# Chen Xiaoxing



## Xue Sheng (Mar 23, 2007)

Chen Xiaoxing - laojia erlu clip




 
This is apparently from a cctv9 documentary in Chenjiagou. 

You know what this means.....I have just GOT to get a copy of this documentary.


----------



## East Winds (Mar 24, 2007)

Xue Sheng,

Yes, superb stuff!!!!

I also enjoyed this clip of Chen Xiaowang and Chen Ziqiang

http://youtube.com/watch?v=J85ARLul9h8&mode=related&search=

What a wonderful demonstration of not "reaching beyond the frame" and being perfectly rooted. A few minutes of seeing makes up for 10 thousand words 
	

	
	
		
		

		
			





Very best wishes


----------



## Xue Sheng (Mar 24, 2007)

East Winds said:


> Xue Sheng,
> 
> Yes, superb stuff!!!!
> 
> ...


 

I have seen that clip of Xiaowang and Ziqiang before and it is great stuff I am very impressed with it actually. Staying within the sphere, if you will, is a good thing to think about. This clip did actually effect the way I do my Yang style.

However this is the first clip I have ever seen of Xiaoxing. I have seen stills of him but never a film.

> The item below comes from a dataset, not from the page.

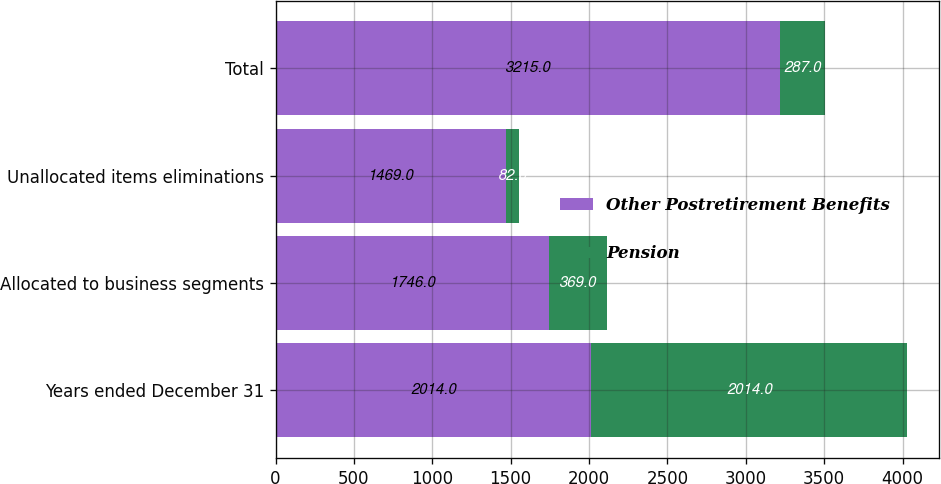Convert chart to OTSL. <chart><loc_0><loc_0><loc_500><loc_500><stacked_bar_chart><ecel><fcel>Years ended December 31<fcel>Allocated to business segments<fcel>Unallocated items eliminations<fcel>Total<nl><fcel>Other Postretirement Benefits<fcel>2014<fcel>1746<fcel>1469<fcel>3215<nl><fcel>Pension<fcel>2014<fcel>369<fcel>82<fcel>287<nl></chart> 
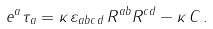Convert formula to latex. <formula><loc_0><loc_0><loc_500><loc_500>e ^ { a } \tau _ { a } = \kappa \, \varepsilon _ { a b c d } \, R ^ { a b } R ^ { c d } - \kappa \, C \, .</formula>

He does not seem to get out of Chen Village as much as Zhenglei and Xiaowang and if you look at that form a traditional Chinese perspective (meaning old Chinese way of thinking pre-Mao) it would mean he is better than they are. 

But with that said I have seen clips of Xiaowang and I have personally seen Zhenglei and I would be hard pressed to make that decision. They are all rather amazing. 

Damn I miss Chen style.


----------